La terza prospettiva è infine quella finanziaria: quando verrà a costarci questo stato di cose se non sapremo trovare delle risposte?
Lo studio è interessante per quello che ci dice ma anche, specialmente, per una serie di indicazioni che offrono delle «piste» su quanto si può mettere in atto. Scopriamo infatti che il fenomeno del «giovane in assistenza» è legato a un percorso personale e a condizioni sociali abbastanza ben definite. Il percorso personale parla di difficoltà di apprendimento nell’ambito della scuola obbligatoria, di perdita rapida di autostima; le condizioni sociali dicono delle difficoltà economiche che si manifestano già a livello d’infanzia.
Impossibile, per questi giovani, la prospettiva di una formazione accademica, difficile, spesso, l’acquisizione di un certificato professionale anche perché le condizioni di difficoltà conosciute durante la scuola dell’infanzia e la scuola media, combinate con il disagio economico, portano a una perdita di «rotta» con conseguente necessità d’intervento assistenziale. In questo senso è importante trovare delle nuove piste, che permettano una presa a carico più completa. Il giovane non ha bisogno solo di una consulenza o di un lavoro: per il giovane di cui parla la ricerca, si deve «ricostruire» una struttura personale che gli permetta di uscire da un circolo vizioso malsano.
La politica deve innanzitutto prendere atto di questo «scandalo» sconosciuto, deve «scandalizzarsi» nel senso proprio del termine e deve pertanto cercare di reagire.

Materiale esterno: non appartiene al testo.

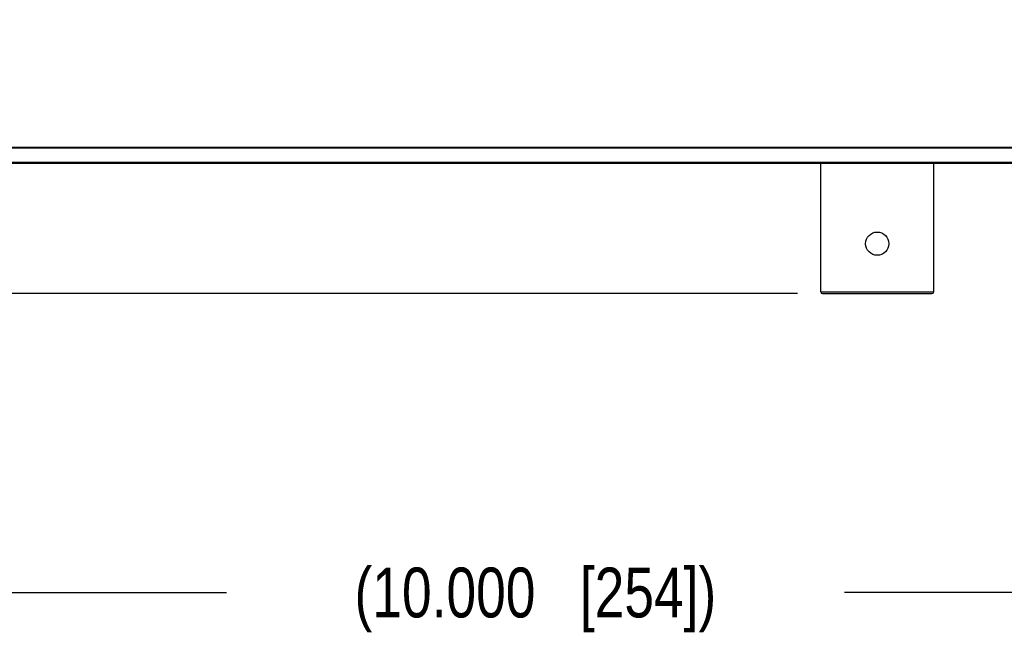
# Model space of a CAD drawing. Header units: inches. Extents: x 0 to 34, y 0 to 22.
# Tile 38 of 124: x 8.9 to 11.4, y 12.2 to 13.7. Entities that reach past the tile are written whole.
import ezdxf

# ---------------------------------------------------------------- set-up
doc = ezdxf.new("R2010")
doc.units = ezdxf.units.IN
doc.header["$LTSCALE"] = 1.87
doc.header["$MEASUREMENT"] = 0
doc.layers.get('0').update_dxf_attribs({"linetype": 'CONTINUOUS'})
doc.layers.add('DIMENSIONS', color=7, linetype='CONTINUOUS')
doc.styles.get("Standard").update_dxf_attribs({"font": 'txt', "width": 0.8})
doc.dimstyles.new('DIMSTYLE_1', dxfattribs={"dimtxt": 0.125, "dimasz": 0.18, "dimexe": 0.125, "dimexo": 0.0625, "dimgap": 0.0625, "dimtad": 0, "dimtih": 1, "dimtoh": 1, "dimdec": 3, "dimlfac": 1.333333, "dimzin": 4, "dimdsep": 46, "dimtxsty": 'STANDARD', "dimblk": '_FILLED', "dimblk1": '_FILLED', "dimblk2": '_FILLED', "dimcen": 0.09, "dimadec": 0, "dimazin": 0, "dimtp": 0.001, "dimtm": 0.001, "dimtfac": 1, "dimtdec": 3, "dimtofl": 0, "dimtmove": 0, "dimatfit": 3, "dimldrblk": '_FILLED', "dimfxl": 1, "dimtolj": 1, "dimtzin": 4, "dimarcsym": 0})

# ---------------------------------------------------------------- blocks, each defined once
blk = doc.blocks.new('_FILLED')
at = {"color": 0, "linetype": 'BYBLOCK'}
blk.add_solid([(0, 0), (-1, 0.174), (-1, -0.174)], dxfattribs=at)
blk = doc.blocks.new('*D2')
at = {"layer": 'DIMENSIONS', "color": 2, "linetype": 'CONTINUOUS'}
for p, q in [((6.4538, 13.6232), (6.4538, 12.1861)), ((13.9537, 13.6232), (13.9537, 12.1861)), ((6.4538, 12.3111), (9.4287, 12.3111)), ((13.9537, 12.3111), (10.9787, 12.3111))]:
    blk.add_line(p, q, dxfattribs=at)
at = {"layer": 'DIMENSIONS', "color": 2, "linetype": 'CONTINUOUS', "xscale": 0.18, "yscale": 0.18, "zscale": 0.18}
for p, rotation in [((6.4538, 12.3111), 180), ((13.9537, 12.3111), 360)]:
    blk.add_blockref('_FILLED', p, dxfattribs=dict(at, rotation=rotation))
at = {"layer": 'DIMENSIONS', "color": 2, "linetype": 'CONTINUOUS', "insert": (10.2037, 12.3736), "char_height": 0.125, "width": 1.425, "attachment_point": 2, "line_spacing_factor": 0.9}
blk.add_mtext('(10.000{\\Ftxt.shx;\\W1.000000;\\H0.125000; }[254])', dxfattribs=at)
blk = doc.blocks.new('*D4')
at = {"layer": 'DIMENSIONS', "color": 2, "linetype": 'CONTINUOUS'}
for p, q in [((5.7038, 13.3883), (5.7038, 13.7483)), ((6.7962, 13.3883), (5.5788, 13.3883)), ((10.8612, 13.0611), (5.5788, 13.0611)), ((5.7038, 13.0611), (5.7038, 12.63)), ((5.7038, 12.63), (5.598, 12.63))]:
    blk.add_line(p, q, dxfattribs=at)
at = {"layer": 'DIMENSIONS', "color": 2, "linetype": 'CONTINUOUS', "xscale": 0.18, "yscale": 0.18, "zscale": 0.18}
for p, rotation in [((5.7038, 13.3883), 270), ((5.7038, 13.0611), 90)]:
    blk.add_blockref('_FILLED', p, dxfattribs=dict(at, rotation=rotation))
at = {"layer": 'DIMENSIONS', "color": 2, "linetype": 'CONTINUOUS', "insert": (5.5355, 12.6925), "char_height": 0.125, "width": 1.225, "attachment_point": 3, "line_spacing_factor": 0.9}
blk.add_mtext('.436{\\Ftxt.shx;\\W1.000000;\\H0.125000; }[11.08]', dxfattribs=at)

msp = doc.modelspace()

# ---------------------------------------------------------------- linework, layer by layer
at = {"color": 7, "linetype": 'CONTINUOUS'}
for p, q in [((6.75373, 13.42879), (13.65374, 13.42878)), ((6.75374, 13.4267), (13.65374, 13.4267)), ((13.65374, 13.3903), (6.75374, 13.3903)), ((13.65374, 13.3894), (6.75374, 13.3894)), ((6.85874, 13.3883), (13.54874, 13.3883)), ((10.91925, 13.06556), (10.91925, 13.3883)), ((11.20272, 13.06556), (11.20272, 13.3883)), ((10.91925, 13.06556), (11.20272, 13.06556)), ((10.92368, 13.06113), (11.19829, 13.06113))]:
    msp.add_line(p, q, dxfattribs=at)
msp.add_circle((11.06099, 13.18633), 0.02923, dxfattribs=at)
for centre, start, end in [((10.92368, 13.06556), 180, 270), ((11.19829, 13.06556), 270, 360)]:
    msp.add_arc(centre, 0.00443, start, end, dxfattribs=at)

# ---------------------------------------------------------------- dimensions: what is measured, and where the dimension line sits
at = {"layer": 'DIMENSIONS', "color": 2, "linetype": 'CONTINUOUS'}
dim = msp.add_linear_dim(base=(5.7038, 13.3883), p1=(10.9237, 13.06113), p2=(6.85874, 13.3883), angle=90, dimstyle='DIMSTYLE_1', dxfattribs=at)
dim.commit()
dim.dimension.update_dxf_attribs({"geometry": '*D4', "text_midpoint": (4.92296, 12.63), "dimtype": 160})
dim = msp.add_linear_dim(base=(13.95367, 12.31113), p1=(6.4538, 13.6857), p2=(13.95367, 13.6857), text='(<>)', dimstyle='DIMSTYLE_1', dxfattribs=at)
dim.commit()
dim.dimension.update_dxf_attribs({"geometry": '*D2', "text_midpoint": (10.20374, 12.31113), "dimtype": 160})

doc.saveas('drawing.dxf')
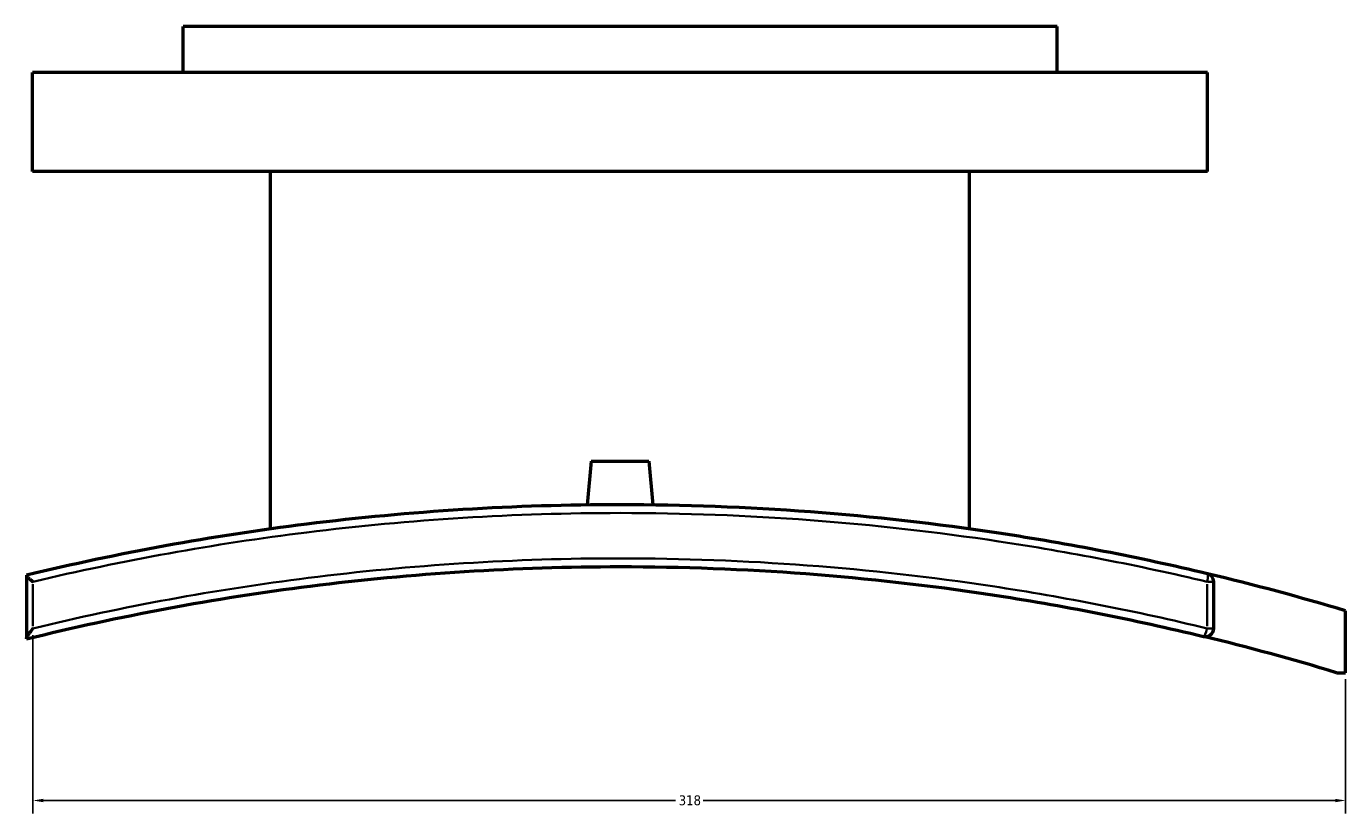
# Model space of a CAD drawing. Header units: millimetres. Extents: x -519 to 1054, y -362 to 828.
# Tile 6 of 11: x 305 to 625, y 178 to 369. Entities that reach past the tile are written whole.
import ezdxf

# ---------------------------------------------------------------- set-up
doc = ezdxf.new("R2010")
doc.units = ezdxf.units.MM
for name, color, linetype, lineweight in [('Dimension (ANSI)', 7, 'Continuous', 25), ('Visible (ANSI)', 7, 'Continuous', 50), ('Visible Narrow (ANSI)', 7, 'Continuous', 35)]:
    doc.layers.add(name, color=color, linetype=linetype, lineweight=lineweight)
doc.styles.add('Note Text (ANSI)', font='tahoma.ttf')
doc.dimstyles.new('Default - mm (ANSI)', dxfattribs={"dimtxt": 2.4, "dimasz": 2.5, "dimexe": 3.175, "dimexo": 1.6002, "dimgap": 0.8, "dimtad": 0, "dimtoh": 1, "dimdec": 0, "dimrnd": 1e-08, "dimzin": 4, "dimdsep": 46, "dimtxsty": 'Note Text (ANSI)', "dimcen": 0.09, "dimdle": 10, "dimclrd": 256, "dimclre": 256, "dimclrt": 5, "dimadec": 1, "dimazin": 1, "dimtfac": 1.27, "dimtofl": 0, "dimtmove": 0, "dimatfit": 3, "dimfxl": 1, "dimtolj": 1, "dimtzin": 4, "dimlwd": -1, "dimlwe": -1, "dimarcsym": 0})

# ---------------------------------------------------------------- blocks, each defined once
blk = doc.blocks.new('*D6')
at = {"layer": 'Defpoints', "color": 0, "transparency": 16777216}
for p in [(306.53, 222.66), (624.93, 211.93), (624.93, 180.93)]:
    blk.add_point(p, dxfattribs=at)
at = {"layer": 'Dimension (ANSI)', "transparency": 16777216}
for p, q in [((306.53, 221.06), (306.53, 177.75)), ((624.93, 210.33), (624.93, 177.75)), ((309.03, 180.93), (462.37, 180.93)), ((622.43, 180.93), (469.1, 180.93))]:
    blk.add_line(p, q, dxfattribs=at)
for points in [[(309.03, 181.34), (309.03, 180.51), (306.53, 180.93)], [(622.43, 181.34), (622.43, 180.51), (624.93, 180.93)]]:
    blk.add_solid(points, dxfattribs=at)
at = {"layer": 'Dimension (ANSI)', "color": 5, "transparency": 16777216, "insert": (463.17, 182.18), "char_height": 2.4, "attachment_point": 1, "style": 'Note Text (ANSI)'}
blk.add_mtext('\\A1;318', dxfattribs=at)

msp = doc.modelspace()

# ---------------------------------------------------------------- linework, layer by layer
at = {"layer": 'Visible (ANSI)'}
for p, q in [((554.93, 368.65), (342.93, 368.65)), ((342.93, 357.45), (342.93, 368.65)), ((554.93, 357.45), (554.93, 368.65)), ((591.43, 357.45), (306.43, 357.45)), ((306.43, 333.45), (306.43, 357.45)), ((591.43, 333.45), (591.43, 357.45)), ((591.43, 333.45), (306.43, 333.45)), ((364.13, 246.77), (364.13, 333.45)), ((533.73, 246.77), (533.73, 333.45)), ((441.93, 263.25), (441, 252.6)), ((441.93, 263.25), (455.93, 263.25)), ((455.93, 263.25), (456.87, 252.6)), ((304.93, 235.55), (304.93, 235.53)), ((304.93, 235.53), (304.93, 220.18)), ((592.93, 222.66), (592.93, 233.98)), ((624.93, 211.93), (624.93, 226.93)), ((304.93, 220.18), (304.93, 220.11)), ((622.73, 211.93), (624.93, 211.93))]:
    msp.add_line(p, q, dxfattribs=at)
for centre, radius, start, end in [((448.93, -362.35), 615, 73.37067, 76.60591), ((590.93, 233.98), 2, 0, 76.6059), ((590.93, 222.66), 2, 256.3565, 0), ((448.93, -362.35), 600, 73.1626, 76.35648)]:
    msp.add_arc(centre, radius, start, end, dxfattribs=at)
for points, knots in [([(591.4, 235.92), (574.79, 239.88), (557.91, 243.16), (510.6, 250.31), (479.77, 252.65), (448.93, 252.65), (423.48, 252.65), (398.03, 251.06), (349.9, 245.07), (327.16, 240.91), (304.93, 235.55)], [-29.648125, -29.648125, -29.648125, -29.648125, -24.440005, -24.440005, -15.220515, -15.220515, -15.220515, -7.610257, -7.610257, -0.63168, -0.63168, -0.63168, -0.63168]), ([(304.93, 220.11), (327.42, 225.67), (350.44, 229.98), (398.6, 236.06), (423.77, 237.65), (448.93, 237.65), (479.05, 237.65), (509.17, 235.36), (556.2, 228.25), (573.48, 224.84), (590.46, 220.72)], [-32.824533, -32.824533, -32.824533, -32.824533, -25.706561, -25.706561, -18.130974, -18.130974, -18.130974, -9.065487, -9.065487, -3.698464, -3.698464, -3.698464, -3.698464]), ([(306.53, 233.98), (306.53, 233.98), (306.52, 233.98), (306.3, 234.16), (306.08, 234.35), (305.69, 234.69), (305.51, 234.85), (305.22, 235.13), (305.11, 235.26), (304.97, 235.43), (304.93, 235.49), (304.93, 235.53)], [-0.3164714, -0.3164714, -0.3164714, -0.3164714, -0.3156689, -0.3156689, -0.2282011, -0.2282011, -0.1444321, -0.1444321, -0.0654642, -0.0654642, 0, 0, 0, 0]), ([(304.93, 220.18), (304.93, 220.23), (304.96, 220.3), (305.06, 220.53), (305.15, 220.69), (305.41, 221.12), (305.6, 221.4), (306.03, 222), (306.27, 222.33), (306.52, 222.66), (306.53, 222.66), (306.53, 222.66)], [-0.3743599, -0.3743599, -0.3743599, -0.3743599, -0.3175453, -0.3175453, -0.2375919, -0.2375919, -0.124117, -0.124117, 0, 0, 0.0010204, 0.0010204, 0.0010204, 0.0010204])]:
    msp.add_open_spline(points, degree=3, knots=knots, dxfattribs=at)
at = {"layer": 'Visible Narrow (ANSI)'}
for p, q in [((592.93, 233.98), (591.47, 233.98)), ((306.53, 223.23), (306.53, 233.41)), ((591.34, 233.41), (591.34, 223.23)), ((591.47, 222.66), (592.93, 222.66))]:
    msp.add_line(p, q, dxfattribs=at)
for centre, major_axis, ratio, start_param, end_param in [((590.93, 233.98), (0.46, 1.95), 0.198495, 4.835799, 6.207007), ((590.93, 222.66), (-0.47, -1.94), 0.198296, 0.080945, 1.537947)]:
    msp.add_ellipse(centre, major_axis=major_axis, ratio=ratio, start_param=start_param, end_param=end_param, dxfattribs=at)
for points, knots in [([(306.53, 233.98), (328.26, 239.13), (350.46, 243.16), (398.05, 249.07), (423.49, 250.65), (448.93, 250.65), (479.75, 250.65), (510.58, 248.32), (557.87, 241.19), (574.74, 237.92), (591.34, 233.98)], [0.792421, 0.792421, 0.792421, 0.792421, 7.610257, 7.610257, 15.220515, 15.220515, 15.220515, 24.440005, 24.440005, 29.648125, 29.648125, 29.648125, 29.648125]), ([(591.34, 222.66), (574.25, 226.8), (556.86, 230.22), (509.55, 237.36), (479.24, 239.65), (448.93, 239.65), (423.61, 239.65), (398.28, 238.05), (350.69, 232.06), (328.36, 227.95), (306.53, 222.66)], [3.698464, 3.698464, 3.698464, 3.698464, 9.065487, 9.065487, 18.130974, 18.130974, 18.130974, 25.706561, 25.706561, 32.563927, 32.563927, 32.563927, 32.563927])]:
    msp.add_open_spline(points, degree=3, knots=knots, dxfattribs=at)

# ---------------------------------------------------------------- dimensions: what is measured, and where the dimension line sits
at = {"layer": 'Dimension (ANSI)'}
dim = msp.add_linear_dim(base=(624.93, 180.93), p1=(306.53, 222.66), p2=(624.93, 211.93), angle=180, dimstyle='Default - mm (ANSI)', override={"dimgap": 0.8, "dimtoh": 0, "dimdec": 0, "dimtol": 0, "dimlim": 0, "dimtp": 0, "dimtm": 0, "dimtdec": 2, "dimatfit": 1}, dxfattribs=at)
dim.commit()
dim.dimension.update_dxf_attribs({"geometry": '*D6', "text_midpoint": (465.73, 180.93), "dimtype": 160})

doc.saveas('drawing.dxf')

Personalmente credo che possano esistere delle risposte atte a aiutare questi giovani, risposte concrete e immediate e confido che Governo e Parlamento le possano trovare agendo sulle cause della situazione. A mio avviso l’approccio al fenomeno, come già è avvenuto nella Svizzera romanda e come avviene con taluni progetti avviati anche in Ticino, non deve essere «ideologico», ma molto pragmatico e mirato alle concrete esigenze dei singoli giovani.
Il numero di giovani è in costante crescita negli ultimi anni ed è per questo che vanno sviluppate nuove proposte più complete di un semplice piano occupazionale, risposte in grado di garantire una formazione, nello spirito più simili a borse di studio che non a aiuto sociale generico e non individualizzato.
Detto in altri termini, anche dal punto di vista finanziario occorre passare dalla logica del costo a quella dell’investimento sociale: alla fine tutti potranno averne un beneficio.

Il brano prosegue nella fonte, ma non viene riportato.